**Problem description**. A bare number is the expected answer: the count of lines in the data holding "desk".

(Saved entries)

• • • • •

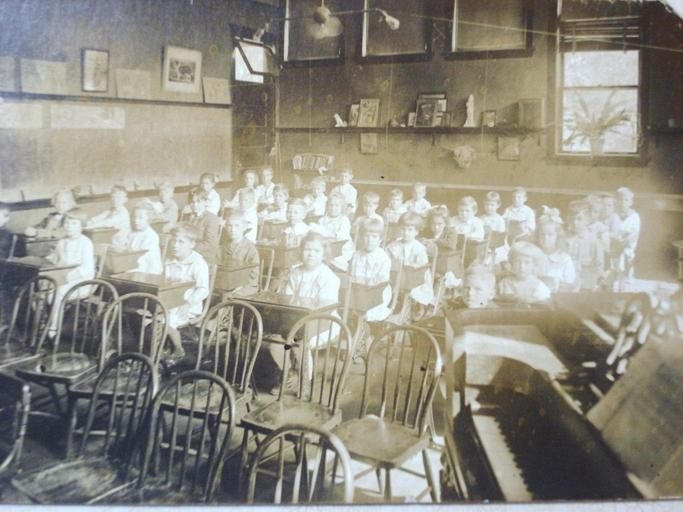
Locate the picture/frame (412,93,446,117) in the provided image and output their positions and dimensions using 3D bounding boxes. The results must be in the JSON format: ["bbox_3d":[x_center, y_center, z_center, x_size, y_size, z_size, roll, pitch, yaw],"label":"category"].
[{"bbox_3d":[0.574,-0.976,3.853,0.196,0.113,0.030,3,7,10],"label":"picture/frame"}]

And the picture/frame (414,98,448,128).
[{"bbox_3d":[0.584,-0.908,3.896,0.176,0.189,0.045,8,10,23],"label":"picture/frame"}]

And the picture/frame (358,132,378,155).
[{"bbox_3d":[0.184,-0.762,4.065,0.128,0.157,0.021,6,42,10],"label":"picture/frame"}]

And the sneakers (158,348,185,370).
[{"bbox_3d":[-1.055,0.632,3.704,0.072,0.061,0.137,4,5,20],"label":"sneakers"}]

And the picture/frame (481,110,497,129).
[{"bbox_3d":[0.920,-0.857,3.769,0.092,0.111,0.011,9,20,27],"label":"picture/frame"}]

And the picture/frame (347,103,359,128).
[{"bbox_3d":[0.081,-0.917,3.930,0.073,0.146,0.046,1,7,-4],"label":"picture/frame"}]

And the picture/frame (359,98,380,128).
[{"bbox_3d":[0.177,-0.934,3.930,0.150,0.224,0.021,6,5,10],"label":"picture/frame"}]

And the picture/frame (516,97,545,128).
[{"bbox_3d":[1.161,-0.876,3.692,0.163,0.222,0.022,1,8,13],"label":"picture/frame"}]

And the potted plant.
[{"bbox_3d":[1.562,-0.805,3.689,0.379,0.339,0.393,7,11,36],"label":"potted plant"}]

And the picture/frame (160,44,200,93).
[{"bbox_3d":[-1.047,-1.211,3.879,0.255,0.274,0.034,-12,27,-37],"label":"picture/frame"}]

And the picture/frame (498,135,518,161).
[{"bbox_3d":[1.051,-0.686,3.811,0.131,0.155,0.021,4,16,18],"label":"picture/frame"}]
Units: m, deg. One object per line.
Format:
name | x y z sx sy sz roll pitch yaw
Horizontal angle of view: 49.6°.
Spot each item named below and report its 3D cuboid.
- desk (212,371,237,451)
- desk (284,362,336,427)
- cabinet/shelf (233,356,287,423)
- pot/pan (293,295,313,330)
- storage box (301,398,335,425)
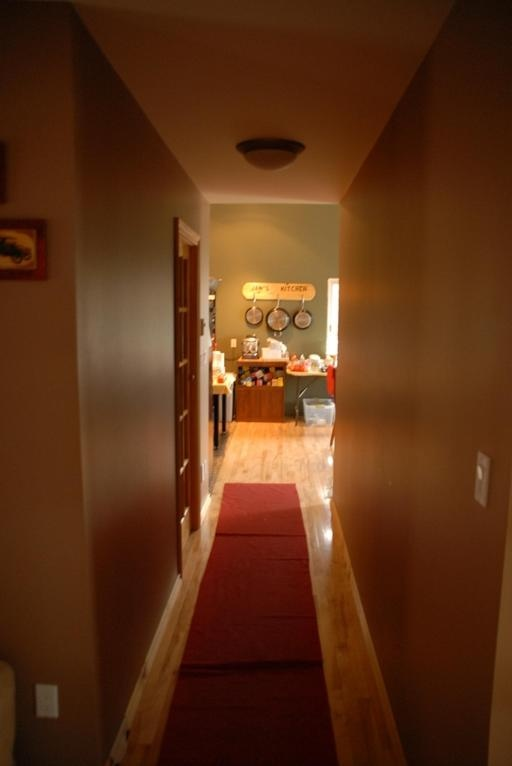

• • • • •

**Task answer**. 2